(EXCERPTED RECORDS begins)
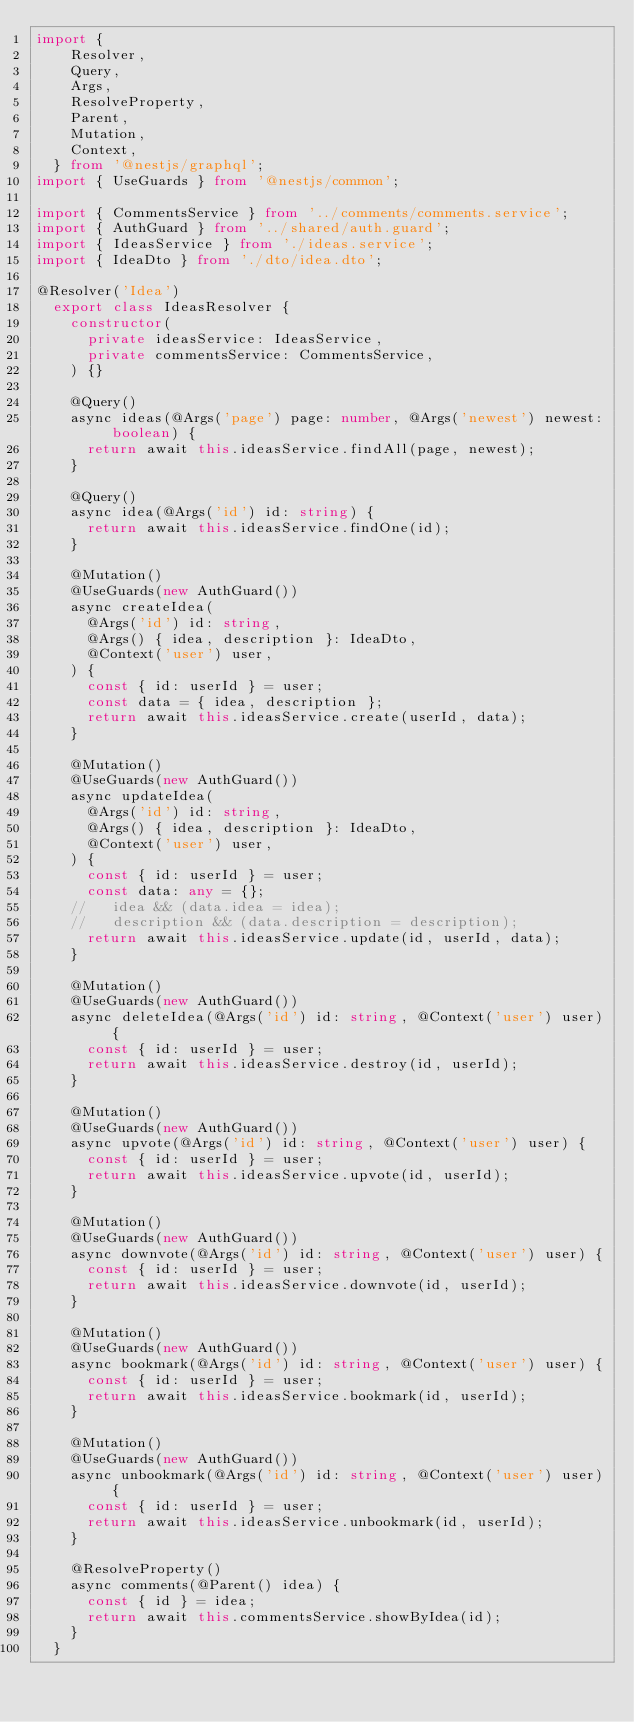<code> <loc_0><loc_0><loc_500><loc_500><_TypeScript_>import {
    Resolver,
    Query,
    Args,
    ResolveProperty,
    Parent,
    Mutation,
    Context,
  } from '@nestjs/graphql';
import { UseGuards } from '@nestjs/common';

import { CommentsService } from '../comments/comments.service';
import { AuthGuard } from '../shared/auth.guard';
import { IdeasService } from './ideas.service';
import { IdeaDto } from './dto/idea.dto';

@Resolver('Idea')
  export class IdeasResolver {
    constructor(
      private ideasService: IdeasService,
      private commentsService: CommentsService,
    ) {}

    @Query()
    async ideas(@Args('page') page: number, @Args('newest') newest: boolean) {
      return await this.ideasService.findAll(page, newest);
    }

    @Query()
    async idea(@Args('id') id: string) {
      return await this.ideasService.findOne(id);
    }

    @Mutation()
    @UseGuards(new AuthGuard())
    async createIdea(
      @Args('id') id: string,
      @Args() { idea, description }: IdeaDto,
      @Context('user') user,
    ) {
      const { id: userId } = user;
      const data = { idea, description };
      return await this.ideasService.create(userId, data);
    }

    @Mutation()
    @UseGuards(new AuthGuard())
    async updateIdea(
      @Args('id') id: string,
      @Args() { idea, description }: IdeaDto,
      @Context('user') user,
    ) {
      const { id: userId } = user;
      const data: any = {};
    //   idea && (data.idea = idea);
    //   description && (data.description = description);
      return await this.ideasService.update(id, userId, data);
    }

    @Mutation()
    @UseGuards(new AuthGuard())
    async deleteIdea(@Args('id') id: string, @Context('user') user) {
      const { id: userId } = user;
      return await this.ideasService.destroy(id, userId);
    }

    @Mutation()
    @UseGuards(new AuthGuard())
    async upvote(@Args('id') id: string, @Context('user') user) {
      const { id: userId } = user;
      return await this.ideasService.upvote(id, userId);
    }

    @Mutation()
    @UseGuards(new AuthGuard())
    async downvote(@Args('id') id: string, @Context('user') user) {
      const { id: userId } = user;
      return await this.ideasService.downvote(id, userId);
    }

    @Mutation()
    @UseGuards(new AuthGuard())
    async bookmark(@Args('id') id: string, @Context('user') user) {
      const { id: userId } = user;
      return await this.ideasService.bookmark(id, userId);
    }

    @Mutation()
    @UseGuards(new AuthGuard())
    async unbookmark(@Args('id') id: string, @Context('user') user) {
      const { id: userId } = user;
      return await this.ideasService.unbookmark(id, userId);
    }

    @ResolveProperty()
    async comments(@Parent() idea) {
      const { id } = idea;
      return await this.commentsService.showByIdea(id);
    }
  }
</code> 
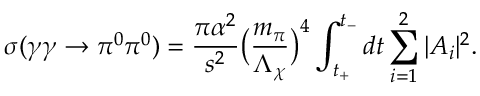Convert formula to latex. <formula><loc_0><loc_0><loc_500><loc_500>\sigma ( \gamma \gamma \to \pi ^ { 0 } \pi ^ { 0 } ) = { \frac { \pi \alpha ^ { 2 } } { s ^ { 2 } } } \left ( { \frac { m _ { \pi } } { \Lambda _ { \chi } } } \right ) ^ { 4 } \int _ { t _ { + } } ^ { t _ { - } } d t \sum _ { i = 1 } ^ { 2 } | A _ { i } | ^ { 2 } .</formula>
(EXCERPTED RECORDS ends)
### WHAT TO PRODUCE
Write every record out again exactly as written. Pictures don't belong in the copy.

### WRITTEN RESPONSE
<code> <loc_0><loc_0><loc_500><loc_500><_TypeScript_>import {
    Resolver,
    Query,
    Args,
    ResolveProperty,
    Parent,
    Mutation,
    Context,
  } from '@nestjs/graphql';
import { UseGuards } from '@nestjs/common';

import { CommentsService } from '../comments/comments.service';
import { AuthGuard } from '../shared/auth.guard';
import { IdeasService } from './ideas.service';
import { IdeaDto } from './dto/idea.dto';

@Resolver('Idea')
  export class IdeasResolver {
    constructor(
      private ideasService: IdeasService,
      private commentsService: CommentsService,
    ) {}

    @Query()
    async ideas(@Args('page') page: number, @Args('newest') newest: boolean) {
      return await this.ideasService.findAll(page, newest);
    }

    @Query()
    async idea(@Args('id') id: string) {
      return await this.ideasService.findOne(id);
    }

    @Mutation()
    @UseGuards(new AuthGuard())
    async createIdea(
      @Args('id') id: string,
      @Args() { idea, description }: IdeaDto,
      @Context('user') user,
    ) {
      const { id: userId } = user;
      const data = { idea, description };
      return await this.ideasService.create(userId, data);
    }

    @Mutation()
    @UseGuards(new AuthGuard())
    async updateIdea(
      @Args('id') id: string,
      @Args() { idea, description }: IdeaDto,
      @Context('user') user,
    ) {
      const { id: userId } = user;
      const data: any = {};
    //   idea && (data.idea = idea);
    //   description && (data.description = description);
      return await this.ideasService.update(id, userId, data);
    }

    @Mutation()
    @UseGuards(new AuthGuard())
    async deleteIdea(@Args('id') id: string, @Context('user') user) {
      const { id: userId } = user;
      return await this.ideasService.destroy(id, userId);
    }

    @Mutation()
    @UseGuards(new AuthGuard())
    async upvote(@Args('id') id: string, @Context('user') user) {
      const { id: userId } = user;
      return await this.ideasService.upvote(id, userId);
    }

    @Mutation()
    @UseGuards(new AuthGuard())
    async downvote(@Args('id') id: string, @Context('user') user) {
      const { id: userId } = user;
      return await this.ideasService.downvote(id, userId);
    }

    @Mutation()
    @UseGuards(new AuthGuard())
    async bookmark(@Args('id') id: string, @Context('user') user) {
      const { id: userId } = user;
      return await this.ideasService.bookmark(id, userId);
    }

    @Mutation()
    @UseGuards(new AuthGuard())
    async unbookmark(@Args('id') id: string, @Context('user') user) {
      const { id: userId } = user;
      return await this.ideasService.unbookmark(id, userId);
    }

    @ResolveProperty()
    async comments(@Parent() idea) {
      const { id } = idea;
      return await this.commentsService.showByIdea(id);
    }
  }
</code> 
Convert formula to latex. <formula><loc_0><loc_0><loc_500><loc_500>\sigma ( \gamma \gamma \to \pi ^ { 0 } \pi ^ { 0 } ) = { \frac { \pi \alpha ^ { 2 } } { s ^ { 2 } } } \left ( { \frac { m _ { \pi } } { \Lambda _ { \chi } } } \right ) ^ { 4 } \int _ { t _ { + } } ^ { t _ { - } } d t \sum _ { i = 1 } ^ { 2 } | A _ { i } | ^ { 2 } .</formula>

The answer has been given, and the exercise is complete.